- _WHAT IS NEEDED_
Below are some entries. Copy each line that holds the string "Hotel".

- _RAW DATA_
--------
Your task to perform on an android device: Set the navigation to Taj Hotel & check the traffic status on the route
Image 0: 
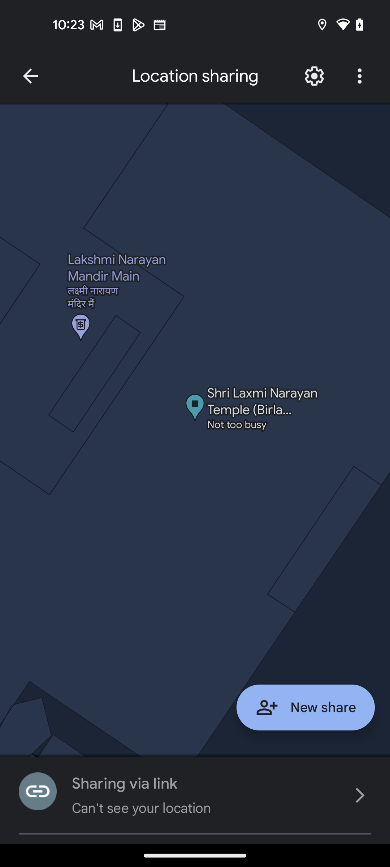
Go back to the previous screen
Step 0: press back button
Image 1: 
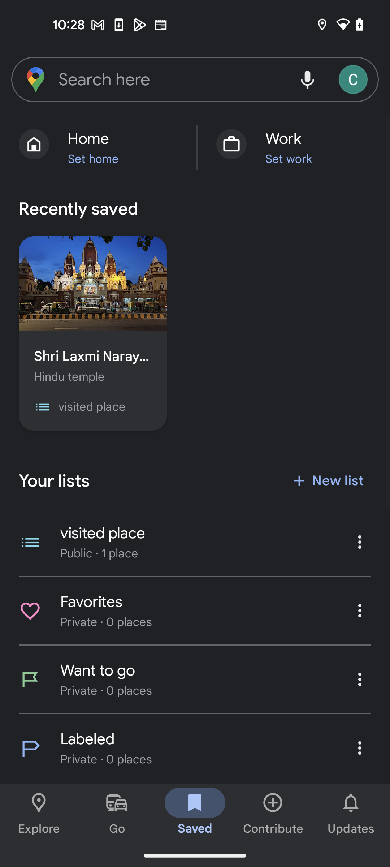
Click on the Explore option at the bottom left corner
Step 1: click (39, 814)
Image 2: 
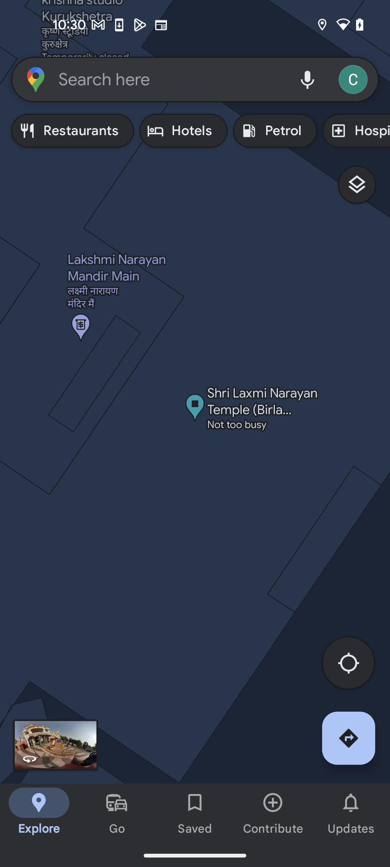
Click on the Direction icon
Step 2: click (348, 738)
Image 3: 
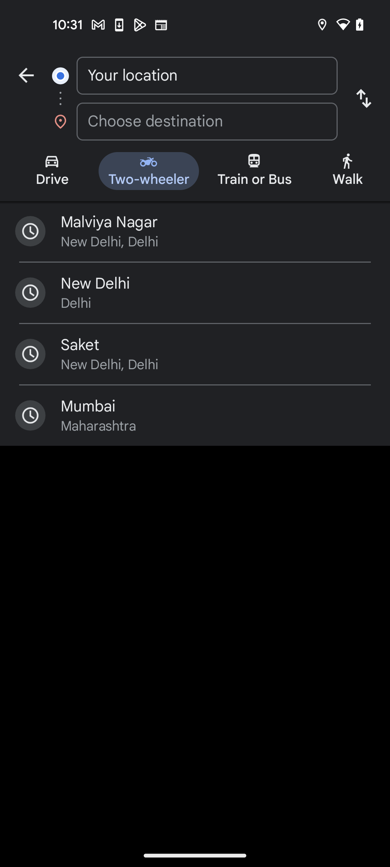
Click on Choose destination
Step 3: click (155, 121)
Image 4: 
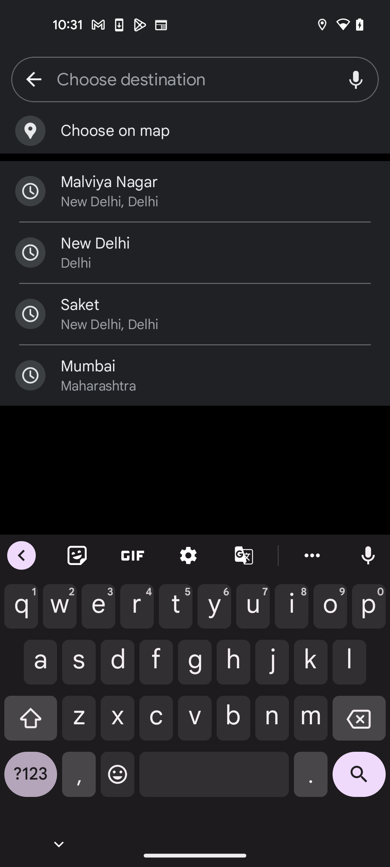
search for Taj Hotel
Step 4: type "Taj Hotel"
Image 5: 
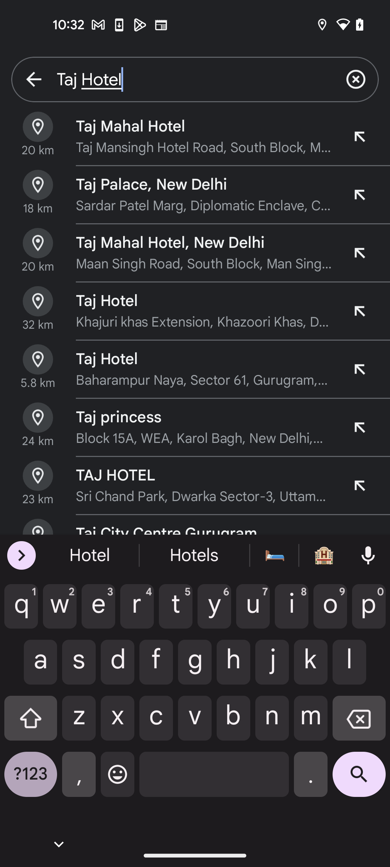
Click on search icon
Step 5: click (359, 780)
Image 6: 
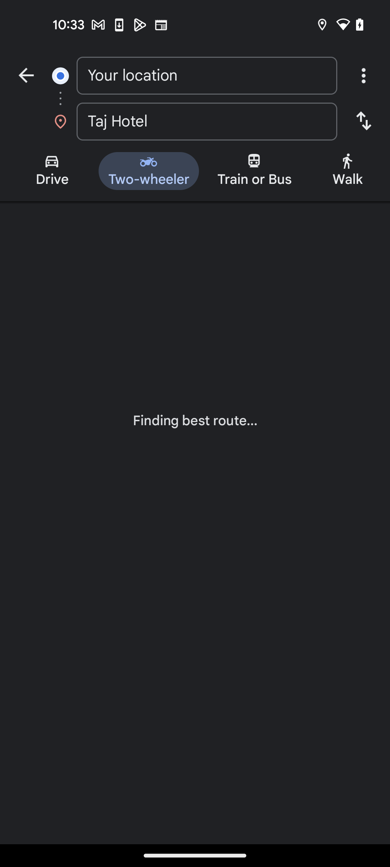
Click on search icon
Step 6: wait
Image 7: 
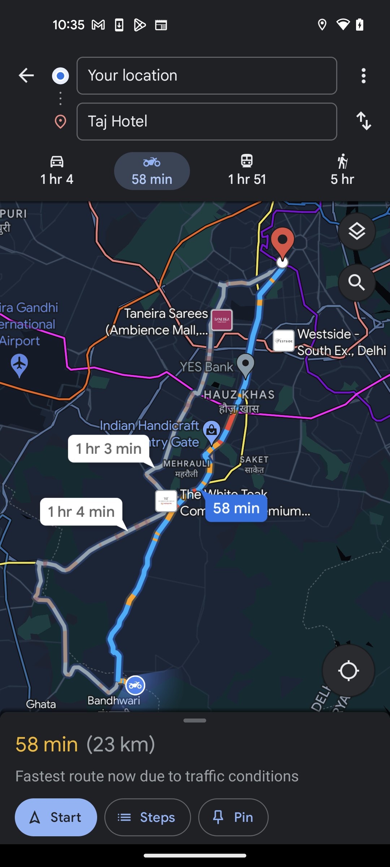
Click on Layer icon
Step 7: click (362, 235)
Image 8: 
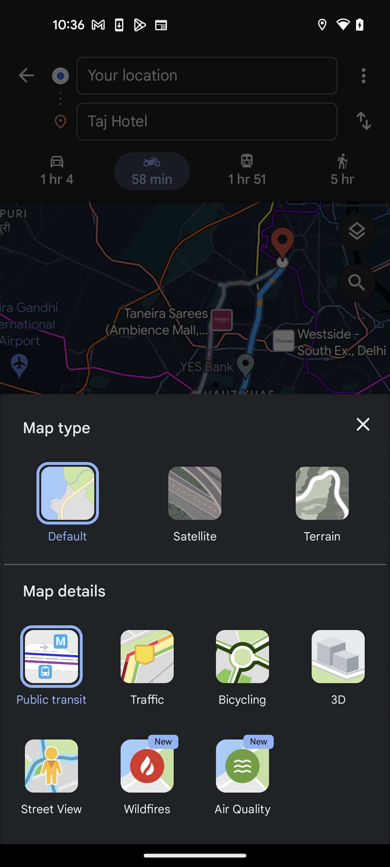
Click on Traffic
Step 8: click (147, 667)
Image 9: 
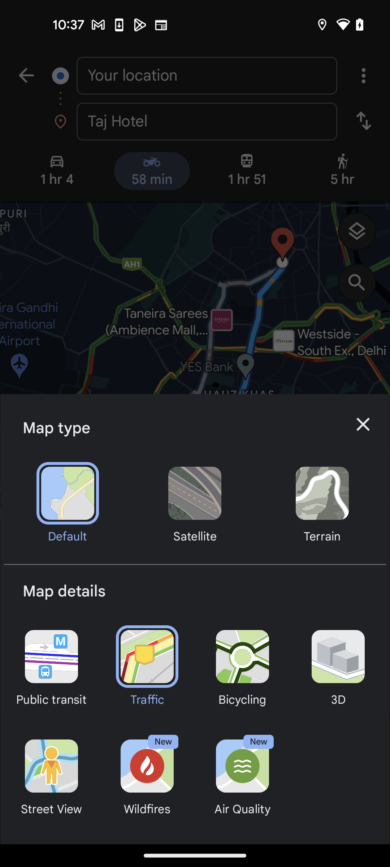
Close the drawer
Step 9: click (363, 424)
--------
- _ANSWER FOR THIS EXERCISE_
Your task to perform on an android device: Set the navigation to Taj Hotel & check the traffic status on the route
search for Taj Hotel
Step 4: type "Taj Hotel"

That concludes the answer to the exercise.